The metadata held in the databases was extracted into separate TEI files, known as standoff files or, in the case of the endnotes, the notes were placed in a <standOff> container at the bottom of the same file. Standoff markup is a highly useful tool that forms a vital element of the edition as a whole. It helps to reduce verbosity within the TEI XML, since contextual information does not have to be repeated every time it is needed for reference in the text.

Consistency and caveats

We regard the encoding of the four Books as a deeply interpretative process, and their complexity and idiosyncracies often defy schemas and standardisation. Towards the end of the project, Howard carried out various consistency reviews and checks of markup. However, the scale and complexity of the final markup made it impossible to ensure complete consistency. Moreover, reviews focused on features that are represented in the DSE, and other markup was likely to receive less scrutiny.

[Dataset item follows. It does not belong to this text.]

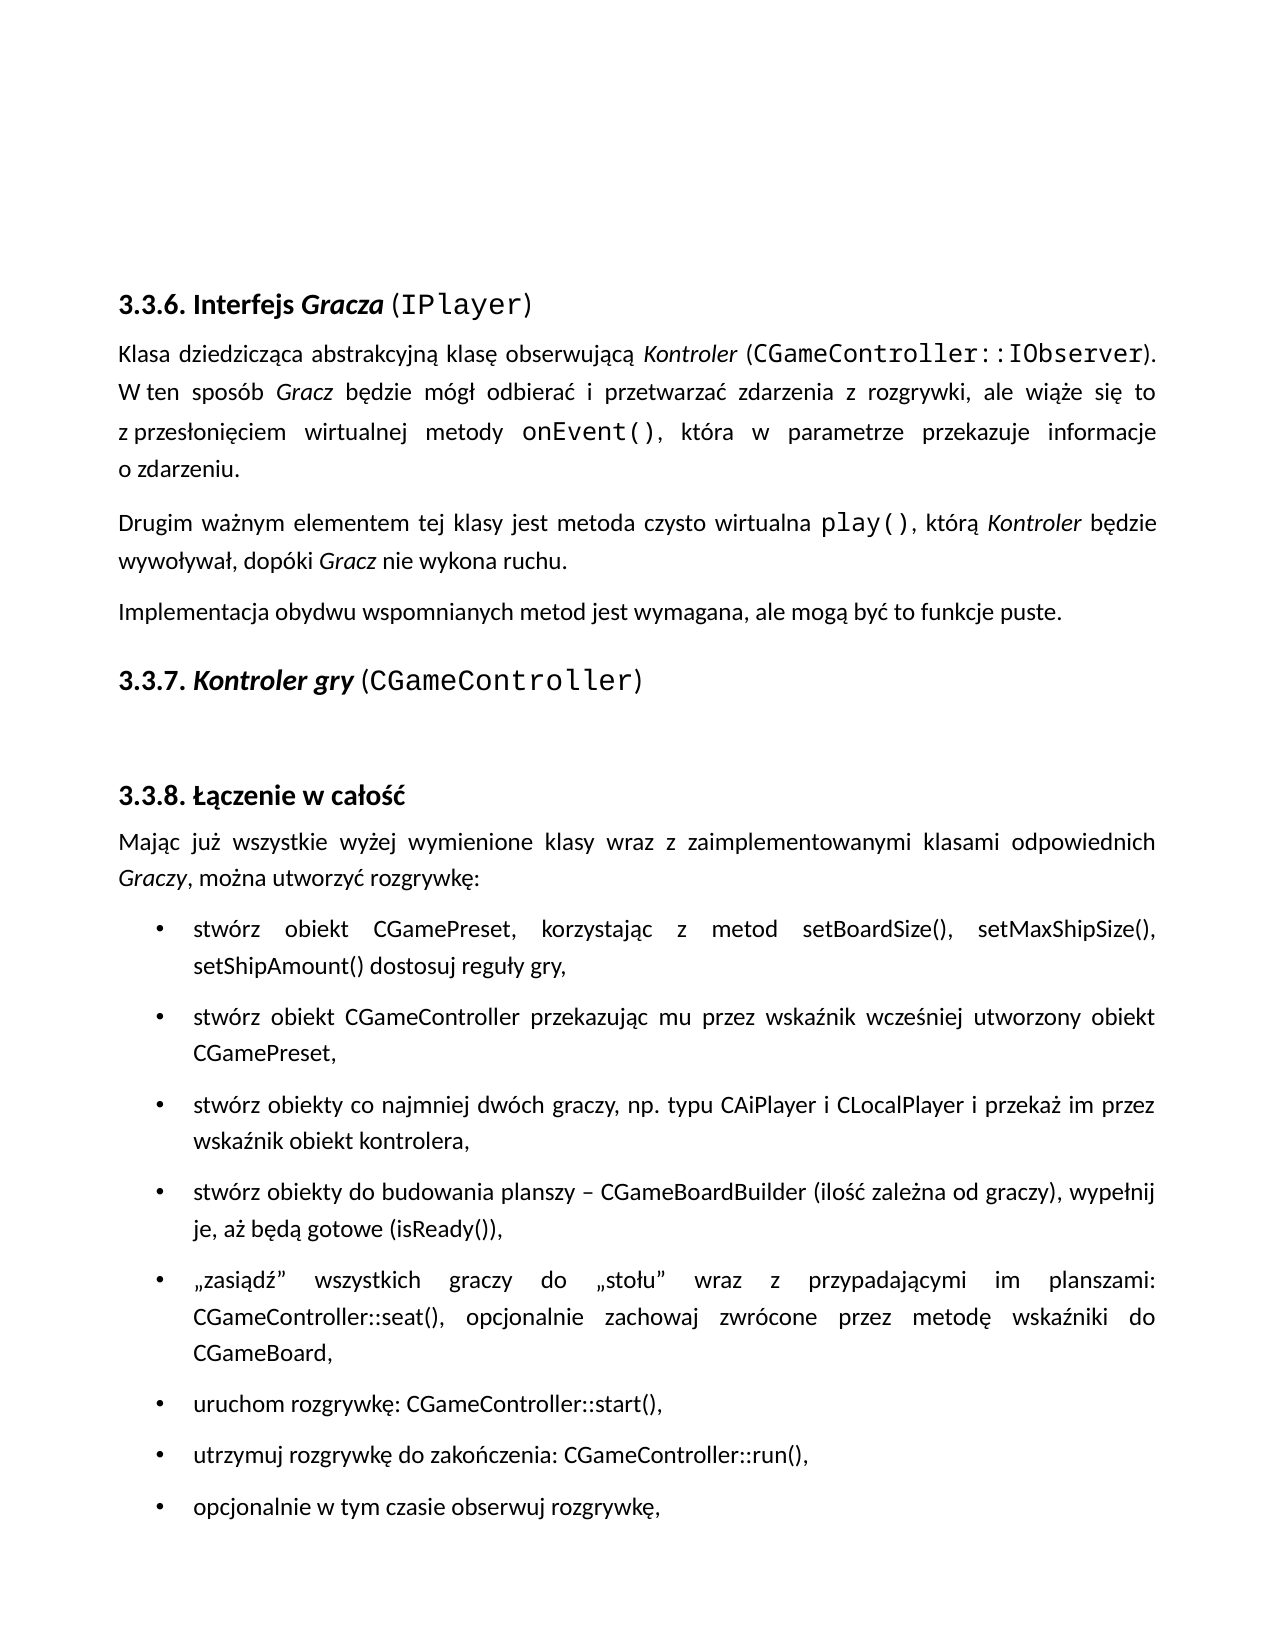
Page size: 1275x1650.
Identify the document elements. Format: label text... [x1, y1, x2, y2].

We have endeavoured to create a set of encoded texts with reuse potential beyond the life of the project that created them, but it is important to note that not all markup was applied equally systematically; there are some very experimental and provisional usages that were abandoned due to time constraints, and some markup was intended primarily for internal processing. These may not be specifically documented, or noted with health warnings.

Structure, Text and Page

Book historians emphasise the lack of a strict distinction between manuscript and printed book in the early modern period, and this is well illustrated by the four manuscripts that make up Alice Thornton's Books. They exhibit many features of printed books of the time: title pages, front and back matter, chapters, titles, page numbers and page headings, indexes, decorations and marginal glosses. As a result, the TEI default text structure markup has been used in largely conventional ways, and the Women Writers' Project's guide on encoding early printed books was a key reference text.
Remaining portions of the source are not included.